Cryosurgery in Cancer Treatment
What is cryosurgery?
Cryosurgery (also called cryotherapy) is the use of extreme cold produced by liquid nitrogen (or argon gas) to destroy abnormal tissue. Cryosurgery is used to treat external tumors, such as those on the skin. For external tumors, liquid nitrogen is applied directly to the cancer cells with a cotton swab or spraying device.

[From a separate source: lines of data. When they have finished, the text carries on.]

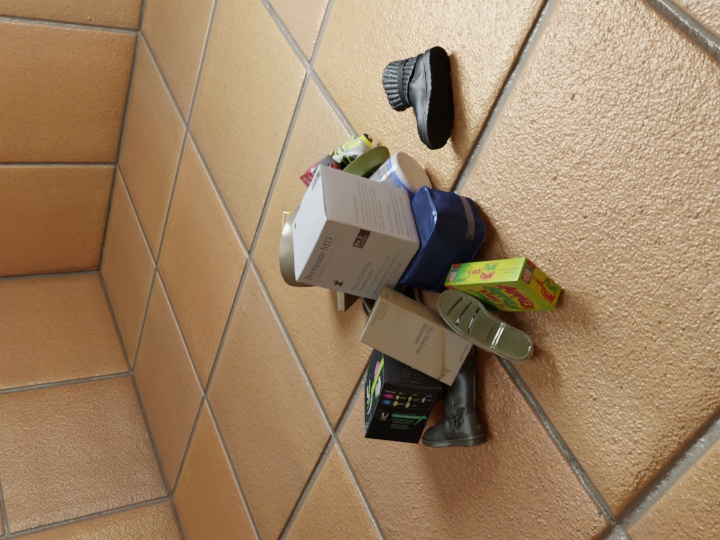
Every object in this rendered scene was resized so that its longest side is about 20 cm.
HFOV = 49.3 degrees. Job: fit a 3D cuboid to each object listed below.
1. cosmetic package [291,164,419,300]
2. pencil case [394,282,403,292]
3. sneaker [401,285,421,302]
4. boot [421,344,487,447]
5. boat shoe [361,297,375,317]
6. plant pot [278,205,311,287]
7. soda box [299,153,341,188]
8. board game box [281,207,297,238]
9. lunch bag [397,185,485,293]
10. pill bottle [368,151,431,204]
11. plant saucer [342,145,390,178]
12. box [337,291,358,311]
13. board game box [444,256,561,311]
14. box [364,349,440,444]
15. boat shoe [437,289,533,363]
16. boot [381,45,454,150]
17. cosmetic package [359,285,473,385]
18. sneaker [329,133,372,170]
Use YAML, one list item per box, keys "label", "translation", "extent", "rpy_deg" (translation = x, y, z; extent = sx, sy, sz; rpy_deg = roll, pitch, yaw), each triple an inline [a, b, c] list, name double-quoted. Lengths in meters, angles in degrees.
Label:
- label: "cosmetic package"
  translation: [-0.015, -0.070, 1.525]
  extent: [0.167, 0.196, 0.166]
  rpy_deg: [-100, 31, -45]
- label: "pencil case"
  translation: [0.000, 0.000, 1.678]
  extent: [0.197, 0.092, 0.087]
  rpy_deg: [23, 83, 24]
- label: "sneaker"
  translation: [0.098, 0.117, 1.705]
  extent: [0.089, 0.074, 0.205]
  rpy_deg: [-9, 88, 58]
- label: "boot"
  translation: [0.179, 0.252, 1.596]
  extent: [0.180, 0.072, 0.205]
  rpy_deg: [-17, 86, 44]
- label: "boat shoe"
  translation: [0.032, 0.074, 1.774]
  extent: [0.065, 0.072, 0.204]
  rpy_deg: [-12, 101, 64]
- label: "plant pot"
  translation: [-0.094, -0.050, 1.911]
  extent: [0.132, 0.200, 0.205]
  rpy_deg: [11, 105, 23]
- label: "soda box"
  translation: [-0.093, -0.225, 1.893]
  extent: [0.070, 0.063, 0.200]
  rpy_deg: [50, 173, -9]
- label: "board game box"
  translation: [-0.141, -0.113, 1.977]
  extent: [0.029, 0.200, 0.098]
  rpy_deg: [10, 106, 19]
- label: "lunch bag"
  translation: [0.153, -0.049, 1.539]
  extent: [0.137, 0.130, 0.202]
  rpy_deg: [-102, 31, -47]
- label: "pill bottle"
  translation: [0.047, -0.145, 1.664]
  extent: [0.200, 0.113, 0.115]
  rpy_deg: [-42, 58, 29]
- label: "plant saucer"
  translation: [-0.001, -0.187, 1.726]
  extent: [0.031, 0.198, 0.201]
  rpy_deg: [45, 135, 16]
- label: "box"
  translation: [-0.027, -0.020, 1.836]
  extent: [0.021, 0.163, 0.205]
  rpy_deg: [1, 99, 13]
- label: "board game box"
  translation: [0.253, 0.029, 1.414]
  extent: [0.199, 0.101, 0.048]
  rpy_deg: [-5, 53, 58]
- label: "box"
  translation: [0.083, 0.238, 1.628]
  extent: [0.151, 0.121, 0.203]
  rpy_deg: [-91, 11, -45]
- label: "boat shoe"
  translation: [0.226, 0.110, 1.444]
  extent: [0.198, 0.075, 0.069]
  rpy_deg: [35, 171, 23]
- label: "boot"
  translation: [0.114, -0.341, 1.611]
  extent: [0.156, 0.078, 0.217]
  rpy_deg: [-7, 77, 51]
- label: "cosmetic package"
  translation: [0.108, 0.124, 1.501]
  extent: [0.073, 0.197, 0.105]
  rpy_deg: [-66, 1, -72]
- label: "sneaker"
  translation: [-0.022, -0.274, 1.867]
  extent: [0.077, 0.075, 0.199]
  rpy_deg: [-61, 24, -12]

Cryosurgery is also used to treat tumors inside the body (internal tumors and tumors in the bone). For internal tumors, liquid nitrogen or argon gas is circulated through a hollow instrument called a cryoprobe, which is placed in contact with the tumor. The doctor uses ultrasound or MRI to guide the cryoprobe and monitor the freezing of the cells, thus limiting damage to nearby healthy tissue. (In ultrasound, sound waves are bounced off organs and other tissues to create a picture called a sonogram.) A ball of ice crystals forms around the probe, freezing nearby cells. Sometimes more than one probe is used to deliver the liquid nitrogen to various parts of the tumor. The probes may be put into the tumor during surgery or through the skin (percutaneously). After cryosurgery, the frozen tissue thaws and is either naturally absorbed by the body (for internal tumors), or it dissolves and forms a scab (for external tumors).